Delegates thus lived in an echo chamber; and so, as a matter of fact, did the reporters themselves.  Floor reporters are turned loose on a chase, and the director in the control room calls the course, the story-line they must chase.  On the convention floor, someone can always be found to say anything, and it remains only for good direction to put the fragments together in dramatic form.  Neither the delegates nor reporters can be blamed; only the mechanism and its programming, which calls for competitive and rival drama to hold audience.

If the script that night had called for the discovery and dissemination of a Southern revolt, or the candidacy of Lester Maddox, the reporters could have delivered that to the nation, too – all carved out of truth, from the lips of authentic and honest men on the floor.

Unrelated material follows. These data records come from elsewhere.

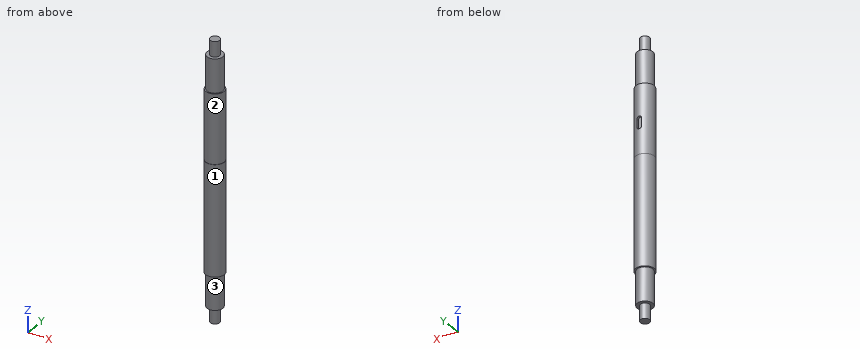
from build123d import *

# Parameters (mm, degrees)
SKETCH1_R           = 9.525
BOSS_EXTRUDE1_DEPTH = 139.7
CUT_EXTRUDE1_REACH  = 232.645
SKETCH3_R           = 9.525
SKETCH3_R_2         = 7.9375
CUT_EXTRUDE2_REACH  = 266.503
SKETCH4_R           = 7.9375
SKETCH4_R_2         = 4.7625
SKETCH5_R           = 9.525
SKETCH5_R_2         = 9.2075
CUT_EXTRUDE3_DEPTH  = 69.85
CUT_EXTRUDE4_DEPTH  = 2.38125


with BuildPart() as part:
    # Sketch1 → Boss-Extrude1 (new, symmetric)
    with BuildSketch(Plane.XY):
        Circle(SKETCH1_R)
    extrude(amount=BOSS_EXTRUDE1_DEPTH, both=True)

    # Sketch3 → Cut-Extrude1 (cut, up to next)
    with BuildSketch(Plane.XY.offset(90.551), mode=Mode.PRIVATE) as cut_extrude1_sk1:
        Circle(SKETCH3_R)
        Circle(SKETCH3_R_2, mode=Mode.SUBTRACT)
    cut_extrude1_tool1 = extrude(cut_extrude1_sk1.sketch, amount=CUT_EXTRUDE1_REACH, mode=Mode.PRIVATE) & part.part
    cut_extrude1 = cut_extrude1_tool1.solids().sort_by_distance((-9.255592, 0, 90.551))[0]
    add(cut_extrude1, mode=Mode.SUBTRACT)

    # Mirror1: Cut-Extrude1 across plane
    add(cut_extrude1.mirror(Plane.XY), mode=Mode.SUBTRACT)

    # Sketch4 → Cut-Extrude2 (cut, up to next)
    with BuildSketch(Plane.XY.offset(124.46), mode=Mode.PRIVATE) as cut_extrude2_sk1:
        Circle(SKETCH4_R)
        with Locations(Location((0, 0, 0), (0, 0, 180))):
            Circle(SKETCH4_R_2, mode=Mode.SUBTRACT)
    cut_extrude2_tool1 = extrude(cut_extrude2_sk1.sketch, amount=CUT_EXTRUDE2_REACH, mode=Mode.PRIVATE) & part.part
    cut_extrude2 = cut_extrude2_tool1.solids().sort_by_distance((-7.712994, 0, 124.46))[0]
    add(cut_extrude2, mode=Mode.SUBTRACT)

    # Mirror2: Cut-Extrude2 across plane
    add(cut_extrude2.mirror(Plane.XY), mode=Mode.SUBTRACT)

    # Sketch5 → Cut-Extrude3 (cut)
    with BuildSketch(Plane.XY.offset(90.551)):
        Circle(SKETCH5_R)
        Circle(SKETCH5_R_2, mode=Mode.SUBTRACT)
    extrude(amount=-CUT_EXTRUDE3_DEPTH, mode=Mode.SUBTRACT)

    # Sketch6 → Cut-Extrude4 (cut)
    with BuildSketch(Plane(origin=(0, 9.2075, 0), x_dir=(1, 0, 0), z_dir=(0, 1, 0))):
        with BuildLine():
            Line((2.38125, -56.41975), (2.38125, -48.48225))
            ThreePointArc((2.38125, -48.48225), (0, -46.101), (-2.38125, -48.48225))
            Line((-2.38125, -48.48225), (-2.38125, -56.41975))
            ThreePointArc((-2.38125, -56.41975), (0, -58.801), (2.38125, -56.41975))
        make_face()
    extrude(amount=-CUT_EXTRUDE4_DEPTH, mode=Mode.SUBTRACT)


solid = part.part
Model file for the job. Use its own axes, mm. Face numbers are marked on the shaded views. A direction names the side the tool comes from. Give positions to 0.01 mm unless a question says otherwise; leave off trailing zeros. Order: outer loops, then holes, each group sorted by start corner. A loop starts at its lowest first (then second) coordinate and runs counter-clockwise, first axis right, second up. Notation, with made-up numbers: M -40,21 L 6,21 A35 ccw 6,53 Z; hole C -4.75,77 d6. An arc over 180 degrees is marked long. Put each result on its own line as item: value. Start each with the question number.
(1) Drill centre lines: L1, parallel to Y at x = 0.75, z = -77; L2, parallel to X at y = -2.5, z = -34.5; L3, parallel to Z at x = -4.5, y = 5.25. Where is each one in solid material? Low to high. Write a range as [from, to].
(2) Pin check, flat tips, straight feed: pin 1 Ø0.6 at (y, z) = (8, 53) entering from +X; pin 2 Ø1 at (y, z) = (-2, -50) entering from -X; pin 3 Ø6 at (x, z) = (-7, -36) entering from -Y. Stop position of each tip, or through.
(3) Band-saw the part on D-D on z = 16.5. Give the cut face in (x, y) (3 decimals).
(4) Tool access for the marked faces 1, 2 and 3: list every direction of +Z, -Z, +X, -X, +Y, -Y with a clear straight run to the whole face (end or side of a thin tool).
(5) Band-saw the part on C-C on z = 87. Give the cut face in (x, y) (1 decimal).
Results below:
1. L1: y = [-9.5, 9.5]
1. L2: x = [-9.19, 9.19]
1. L3: z = [-124.46, 124.46]
2. pin 1: stops at x = 5.05
2. pin 2: stops at x = -9.41
2. pin 3: stops at y = -8.64
3. outline: C 0,0 d19.05
4. face 1: +Z, -Z
4. face 2: +Z
4. face 3: -Z
5. outline: C 0,0 d18.4

This is something to bear in mind as we head towards Cleveland, with Trump’s poll numbers beginning to tank and his fundraising outlook getting bleaker.  There will be reports of incipient revolt, of blocs of delegates withholding their support, of Rubio and Kasich (who retain control over their delegates) trying to organize Cruz delegates to deny Trump the nomination on the first ballot.

With the increasing likelihood of violent events taking place outside the hall, and the necessity of word-of-mouth organization of the delegate inside the hall, things have changed less than people think, even with the advent of social media.  We’ve seen how those media are highly susceptible to the manipulation of a very few influential practitioners with many followers.

Add to that the fact that, unlike in Chicago in 1968, the press will be actively looking for stories designed to make the Republicans look bad.  Certainly, the press’s favorite story-line already is the failure of the party to unite.  They will find ample fodder for that claim, and any other they decide they need on Monday, Tuesday, or Wednesday evening.

Caveat emptor.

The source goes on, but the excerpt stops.